Idea #21542
openImproved visibility on cloud instance (and maybe other resources?) quotas
Description
Some ideas:
arvados-server cloudtest
could check the amount of vCPUs per instance family it has available and report an error/warning when the current quota means that some of its configured instance types won't be able to be requested or just a handful below some threshold.arvados-dispatch-cloud
monitors and exposes via prometheus current quota limits that can be included in a Grafana dashboard, useful for quick debugging scheduling issues, e.g:- Storage for General Purpose SSD: This is important for the autoscaling EBS feature to work, containers could suddenly fail because of storage space starvation if the limit is too small for the workload.
- Running On-Demand Standard Instances: I believe this is measured in vCPUs so sometimes requesting just a handful of big nodes could make requesting smaller nodes from the same family impossible.
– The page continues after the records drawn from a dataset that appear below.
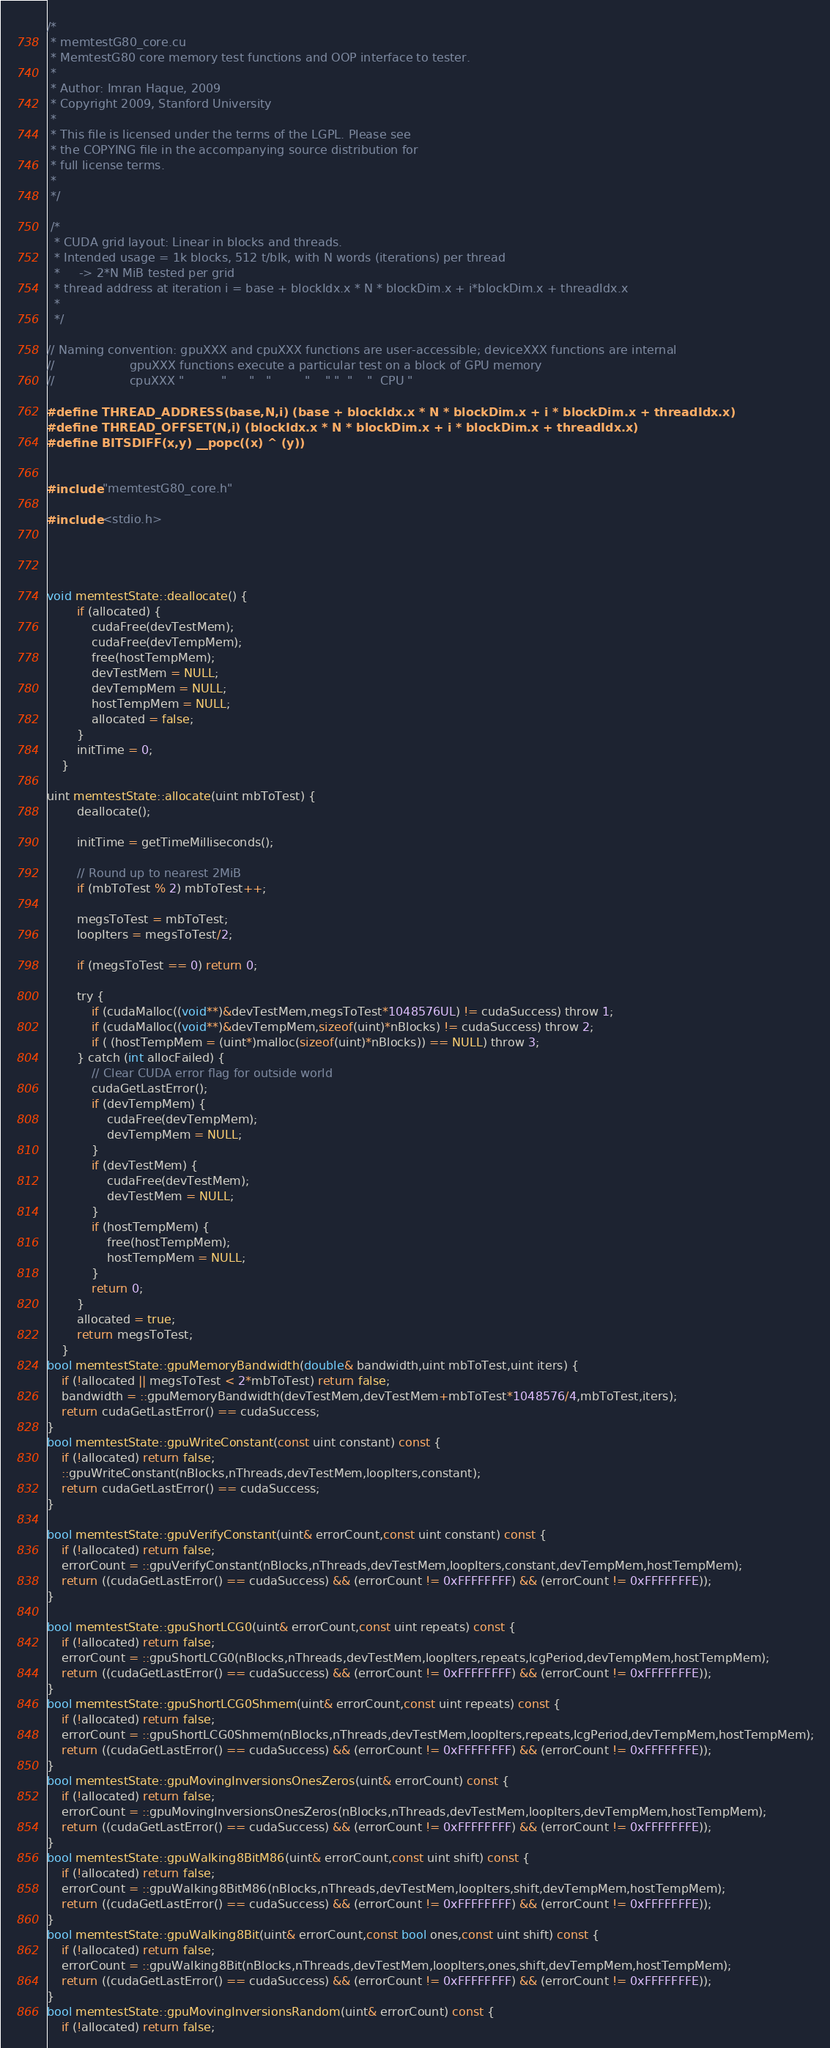Convert code to text. <code><loc_0><loc_0><loc_500><loc_500><_Cuda_>/*
 * memtestG80_core.cu
 * MemtestG80 core memory test functions and OOP interface to tester.
 *
 * Author: Imran Haque, 2009
 * Copyright 2009, Stanford University
 *
 * This file is licensed under the terms of the LGPL. Please see
 * the COPYING file in the accompanying source distribution for
 * full license terms.
 *
 */

 /*
  * CUDA grid layout: Linear in blocks and threads.
  * Intended usage = 1k blocks, 512 t/blk, with N words (iterations) per thread
  *     -> 2*N MiB tested per grid
  * thread address at iteration i = base + blockIdx.x * N * blockDim.x + i*blockDim.x + threadIdx.x
  *
  */

// Naming convention: gpuXXX and cpuXXX functions are user-accessible; deviceXXX functions are internal
//                    gpuXXX functions execute a particular test on a block of GPU memory
//                    cpuXXX "          "      "   "         "    " "  "    "  CPU "

#define THREAD_ADDRESS(base,N,i) (base + blockIdx.x * N * blockDim.x + i * blockDim.x + threadIdx.x)
#define THREAD_OFFSET(N,i) (blockIdx.x * N * blockDim.x + i * blockDim.x + threadIdx.x)
#define BITSDIFF(x,y) __popc((x) ^ (y))


#include "memtestG80_core.h"

#include <stdio.h>




void memtestState::deallocate() {
		if (allocated) {
			cudaFree(devTestMem);
			cudaFree(devTempMem);
			free(hostTempMem);
			devTestMem = NULL;
			devTempMem = NULL;
			hostTempMem = NULL;
			allocated = false;
		}
        initTime = 0;
	}

uint memtestState::allocate(uint mbToTest) {
		deallocate();

        initTime = getTimeMilliseconds();
		
        // Round up to nearest 2MiB
		if (mbToTest % 2) mbToTest++;

		megsToTest = mbToTest;
		loopIters = megsToTest/2;

		if (megsToTest == 0) return 0;
		
		try {
			if (cudaMalloc((void**)&devTestMem,megsToTest*1048576UL) != cudaSuccess) throw 1;
			if (cudaMalloc((void**)&devTempMem,sizeof(uint)*nBlocks) != cudaSuccess) throw 2;
			if ( (hostTempMem = (uint*)malloc(sizeof(uint)*nBlocks)) == NULL) throw 3;
		} catch (int allocFailed) {
            // Clear CUDA error flag for outside world
            cudaGetLastError();
			if (devTempMem) {
				cudaFree(devTempMem);
				devTempMem = NULL;
			}
			if (devTestMem) {
				cudaFree(devTestMem);
				devTestMem = NULL;
			}
			if (hostTempMem) {
				free(hostTempMem);
				hostTempMem = NULL;
			}
			return 0;
		}
		allocated = true;
		return megsToTest;
	}
bool memtestState::gpuMemoryBandwidth(double& bandwidth,uint mbToTest,uint iters) {
    if (!allocated || megsToTest < 2*mbToTest) return false;
    bandwidth = ::gpuMemoryBandwidth(devTestMem,devTestMem+mbToTest*1048576/4,mbToTest,iters);
    return cudaGetLastError() == cudaSuccess;
}
bool memtestState::gpuWriteConstant(const uint constant) const {
	if (!allocated) return false;
	::gpuWriteConstant(nBlocks,nThreads,devTestMem,loopIters,constant);
	return cudaGetLastError() == cudaSuccess;
}

bool memtestState::gpuVerifyConstant(uint& errorCount,const uint constant) const {
	if (!allocated) return false;
	errorCount = ::gpuVerifyConstant(nBlocks,nThreads,devTestMem,loopIters,constant,devTempMem,hostTempMem);
	return ((cudaGetLastError() == cudaSuccess) && (errorCount != 0xFFFFFFFF) && (errorCount != 0xFFFFFFFE));
}

bool memtestState::gpuShortLCG0(uint& errorCount,const uint repeats) const {
	if (!allocated) return false;
	errorCount = ::gpuShortLCG0(nBlocks,nThreads,devTestMem,loopIters,repeats,lcgPeriod,devTempMem,hostTempMem);
	return ((cudaGetLastError() == cudaSuccess) && (errorCount != 0xFFFFFFFF) && (errorCount != 0xFFFFFFFE));
}
bool memtestState::gpuShortLCG0Shmem(uint& errorCount,const uint repeats) const {
	if (!allocated) return false;
	errorCount = ::gpuShortLCG0Shmem(nBlocks,nThreads,devTestMem,loopIters,repeats,lcgPeriod,devTempMem,hostTempMem);
	return ((cudaGetLastError() == cudaSuccess) && (errorCount != 0xFFFFFFFF) && (errorCount != 0xFFFFFFFE));
}
bool memtestState::gpuMovingInversionsOnesZeros(uint& errorCount) const {
	if (!allocated) return false;
	errorCount = ::gpuMovingInversionsOnesZeros(nBlocks,nThreads,devTestMem,loopIters,devTempMem,hostTempMem);
	return ((cudaGetLastError() == cudaSuccess) && (errorCount != 0xFFFFFFFF) && (errorCount != 0xFFFFFFFE));
}
bool memtestState::gpuWalking8BitM86(uint& errorCount,const uint shift) const {
	if (!allocated) return false;
	errorCount = ::gpuWalking8BitM86(nBlocks,nThreads,devTestMem,loopIters,shift,devTempMem,hostTempMem);
	return ((cudaGetLastError() == cudaSuccess) && (errorCount != 0xFFFFFFFF) && (errorCount != 0xFFFFFFFE));
}
bool memtestState::gpuWalking8Bit(uint& errorCount,const bool ones,const uint shift) const {
	if (!allocated) return false;
	errorCount = ::gpuWalking8Bit(nBlocks,nThreads,devTestMem,loopIters,ones,shift,devTempMem,hostTempMem);
	return ((cudaGetLastError() == cudaSuccess) && (errorCount != 0xFFFFFFFF) && (errorCount != 0xFFFFFFFE));
}
bool memtestState::gpuMovingInversionsRandom(uint& errorCount) const {
	if (!allocated) return false;</code> 
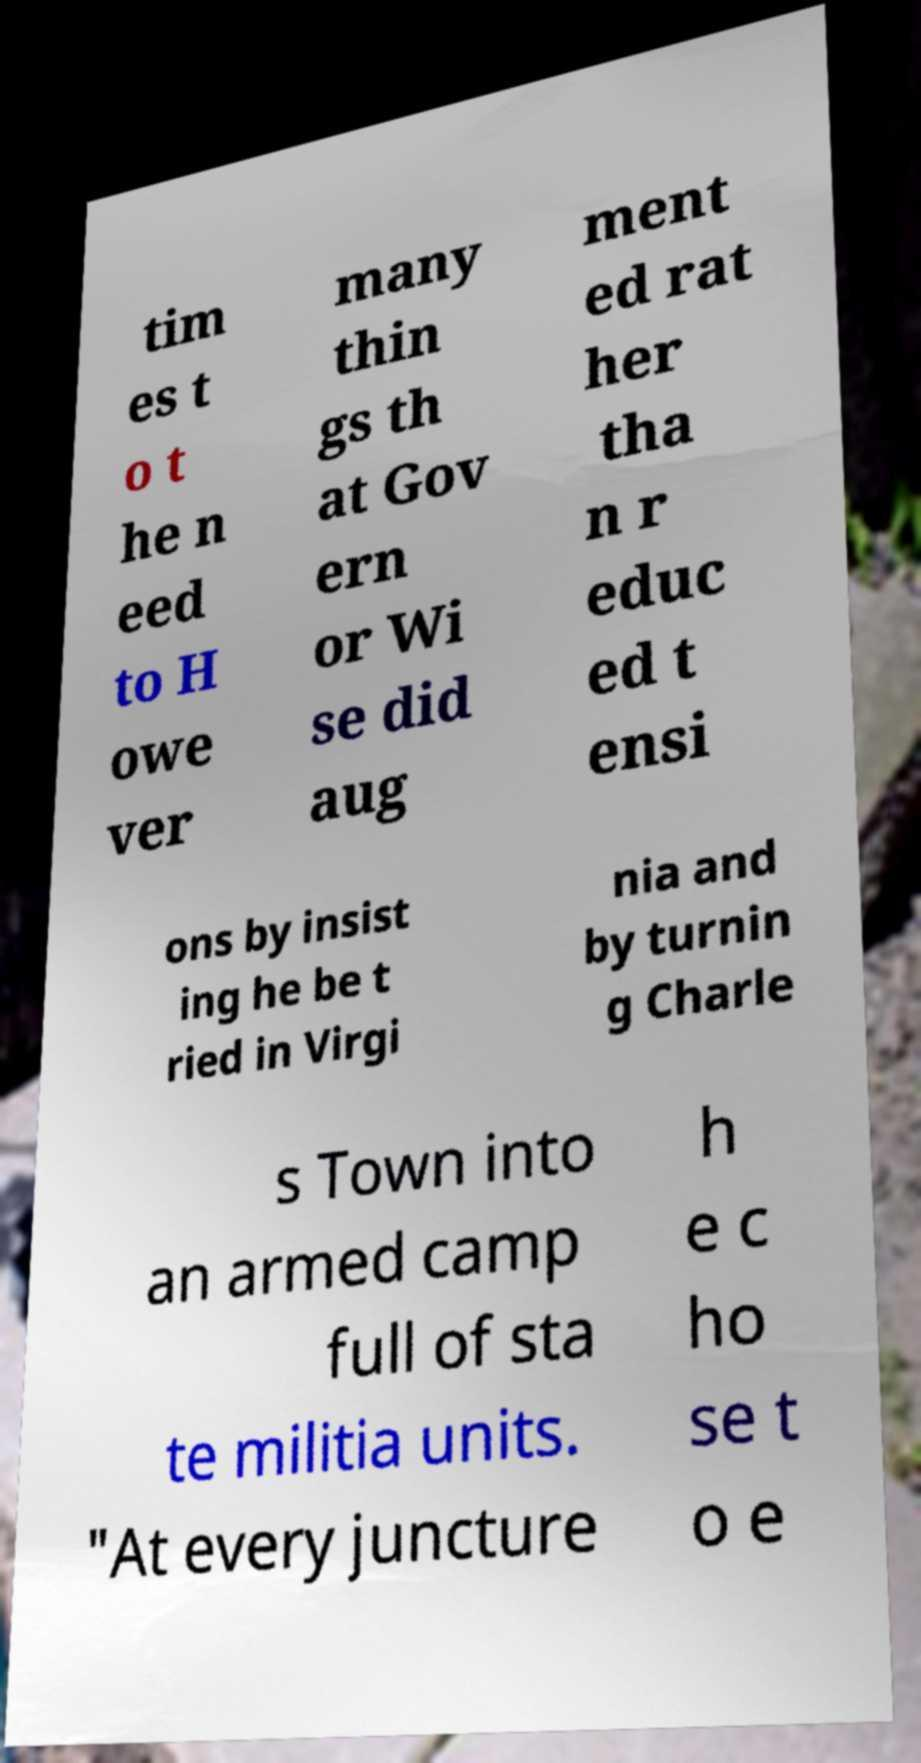Please read and relay the text visible in this image. What does it say? tim es t o t he n eed to H owe ver many thin gs th at Gov ern or Wi se did aug ment ed rat her tha n r educ ed t ensi ons by insist ing he be t ried in Virgi nia and by turnin g Charle s Town into an armed camp full of sta te militia units. "At every juncture h e c ho se t o e 
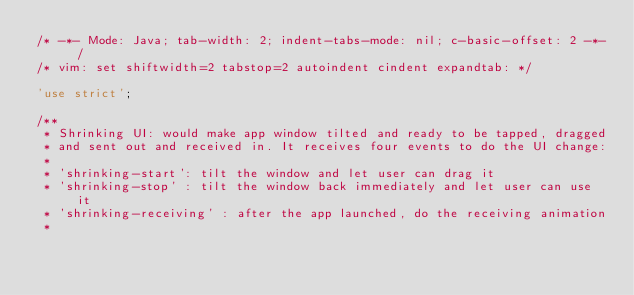Convert code to text. <code><loc_0><loc_0><loc_500><loc_500><_JavaScript_>/* -*- Mode: Java; tab-width: 2; indent-tabs-mode: nil; c-basic-offset: 2 -*- /
/* vim: set shiftwidth=2 tabstop=2 autoindent cindent expandtab: */

'use strict';

/**
 * Shrinking UI: would make app window tilted and ready to be tapped, dragged
 * and sent out and received in. It receives four events to do the UI change:
 *
 * 'shrinking-start': tilt the window and let user can drag it
 * 'shrinking-stop' : tilt the window back immediately and let user can use it
 * 'shrinking-receiving' : after the app launched, do the receiving animation
 *</code> 
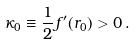Convert formula to latex. <formula><loc_0><loc_0><loc_500><loc_500>\kappa _ { 0 } \equiv \frac { 1 } { 2 } f ^ { \prime } ( r _ { 0 } ) > 0 \, .</formula> 
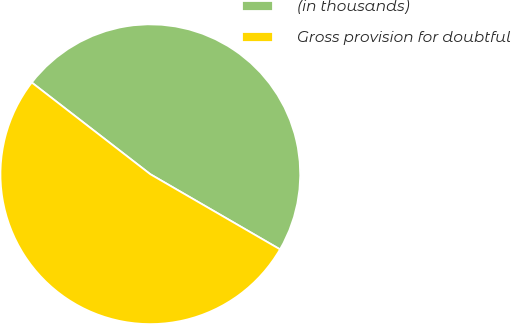Convert chart. <chart><loc_0><loc_0><loc_500><loc_500><pie_chart><fcel>(in thousands)<fcel>Gross provision for doubtful<nl><fcel>47.88%<fcel>52.12%<nl></chart> 
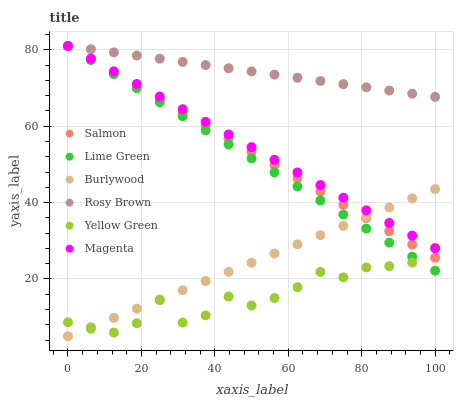Does Yellow Green have the minimum area under the curve?
Answer yes or no. Yes. Does Rosy Brown have the maximum area under the curve?
Answer yes or no. Yes. Does Burlywood have the minimum area under the curve?
Answer yes or no. No. Does Burlywood have the maximum area under the curve?
Answer yes or no. No. Is Burlywood the smoothest?
Answer yes or no. Yes. Is Yellow Green the roughest?
Answer yes or no. Yes. Is Rosy Brown the smoothest?
Answer yes or no. No. Is Rosy Brown the roughest?
Answer yes or no. No. Does Burlywood have the lowest value?
Answer yes or no. Yes. Does Rosy Brown have the lowest value?
Answer yes or no. No. Does Lime Green have the highest value?
Answer yes or no. Yes. Does Burlywood have the highest value?
Answer yes or no. No. Is Burlywood less than Rosy Brown?
Answer yes or no. Yes. Is Rosy Brown greater than Burlywood?
Answer yes or no. Yes. Does Yellow Green intersect Salmon?
Answer yes or no. Yes. Is Yellow Green less than Salmon?
Answer yes or no. No. Is Yellow Green greater than Salmon?
Answer yes or no. No. Does Burlywood intersect Rosy Brown?
Answer yes or no. No.

The rationale behind this is that Cloud Teams sometimes are different from the groups that use and manage Arvados, and so, quotas might change over time without being communicated, with the potential issues this could cause on production clusters that rely on throughput from past runs.
Documentation that might be useful: https://docs.aws.amazon.com/servicequotas/
Related issues
Updated by Peter Amstutz 9 months ago
- Related to Feature #21123: Add API that returns current dispatch/scheduling status for a specified container added
Updated by Peter Amstutz 9 months ago
Related, I think if #21123 was able to surface the errors that are currently in the logs (e.g. hit vCPU quota) that would also go a long way towards at least understanding what's happening.
I think it's a bit hard to check for this proactively without knowing what the workload is actually going to be.
Updated by Brett Smith 9 months ago
Peter Amstutz wrote in #note-2:
I think it's a bit hard to check for this proactively without knowing what the workload is actually going to be.
Had a similar thought. I respect the goal here but reporting "just a handful below some threshold" is pretty vague as requirements go. The real question is "will it be able to spin up the number of instances the user expects," and that could be anything—especially since different individuals might have different expectations.
Updated by Lucas Di Pentima 9 months ago
Brett Smith wrote in #note-3:
Peter Amstutz wrote in #note-2:
I think it's a bit hard to check for this proactively without knowing what the workload is actually going to be.
Had a similar thought. I respect the goal here but reporting "just a handful below some threshold" is pretty vague as requirements go. The real question is "will it be able to spin up the number of instances the user expects," and that could be anything—especially since different individuals might have different expectations.
We could estimate how much the users will want from the MaxInstances
config knob.
I agree that #21123 would solve part of what this story is about (didn't had it in mind when I wrote this), but having a preemptive way of checking too restrictive quotas might be beneficial for cluster set up, and exposing quota limits as metrics would also add to the whole cluster status monitoring experience.